**REQUIRED WORK:** Stop after the line with "- sneaker from (431, 42) to (658, 515)"; until then, please copy every line of the records word for word from the first.

SOURCE RECORDS START

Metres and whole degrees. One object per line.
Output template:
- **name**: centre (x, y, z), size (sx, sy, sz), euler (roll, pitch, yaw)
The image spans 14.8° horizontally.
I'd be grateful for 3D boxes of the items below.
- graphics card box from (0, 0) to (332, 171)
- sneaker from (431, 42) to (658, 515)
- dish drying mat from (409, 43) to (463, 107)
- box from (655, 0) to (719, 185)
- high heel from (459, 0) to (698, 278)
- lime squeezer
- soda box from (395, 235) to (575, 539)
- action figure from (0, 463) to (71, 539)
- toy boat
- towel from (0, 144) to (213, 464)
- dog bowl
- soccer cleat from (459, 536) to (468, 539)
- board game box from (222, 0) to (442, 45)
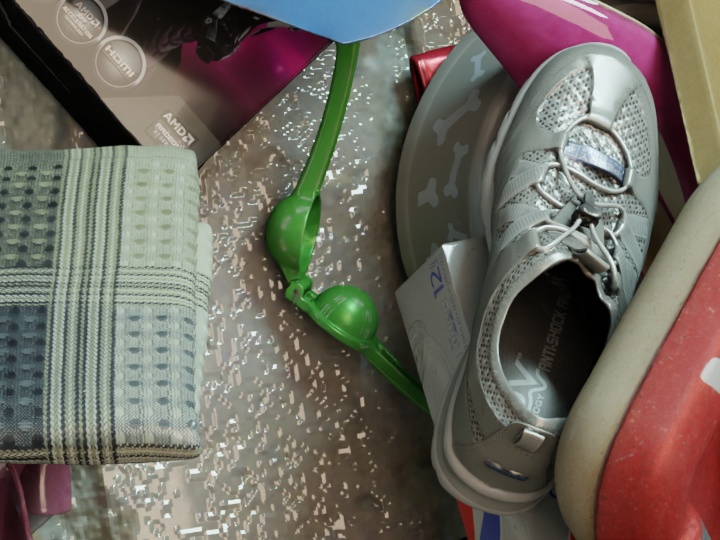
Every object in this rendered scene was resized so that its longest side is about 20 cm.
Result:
- **graphics card box**: centre (-0.060, -0.141, 1.223), size (0.200, 0.051, 0.126), euler (-43, 98, -19)
- **sneaker**: centre (0.087, -0.003, 1.095), size (0.075, 0.082, 0.200), euler (17, 68, -11)
- **dish drying mat**: centre (0.120, -0.086, 1.298), size (0.200, 0.018, 0.077), euler (-16, 93, -21)
- **box**: centre (0.180, -0.084, 1.212), size (0.163, 0.021, 0.200), euler (32, 40, -41)
- **high heel**: centre (0.107, -0.044, 1.185), size (0.200, 0.067, 0.096), euler (36, 67, -32)
- **lime squeezer**: centre (0.000, 0.000, 1.227), size (0.070, 0.038, 0.200), euler (-20, 95, -2)
- **soda box**: centre (0.079, 0.085, 1.144), size (0.068, 0.063, 0.200), euler (-11, 75, -22)
- **action figure**: centre (-0.161, 0.061, 1.104), size (0.134, 0.149, 0.200), euler (44, 42, -18)
- **toy boat**: centre (0.171, 0.047, 1.055), size (0.131, 0.131, 0.200), euler (22, 72, 27)
- **towel**: centre (-0.155, 0.013, 1.094), size (0.192, 0.200, 0.035), euler (0, 125, -2)
- **dog bowl**: centre (0.118, -0.031, 1.256), size (0.200, 0.059, 0.201), euler (0, 91, -22)
- **soccer cleat**: centre (0.029, 0.165, 1.212), size (0.199, 0.068, 0.081), euler (-12, 53, -11)
- **board game box**: centre (-0.037, -0.170, 1.181), size (0.200, 0.039, 0.158), euler (20, 64, 4)

SOURCE RECORDS END

**REPLY TO THE EXERCISE:**
Metres and whole degrees. One object per line.
Output template:
- **name**: centre (x, y, z), size (sx, sy, sz), euler (roll, pitch, yaw)
The image spans 14.8° horizontally.
I'd be grateful for 3D boxes of the items below.
- graphics card box from (0, 0) to (332, 171)
- sneaker from (431, 42) to (658, 515)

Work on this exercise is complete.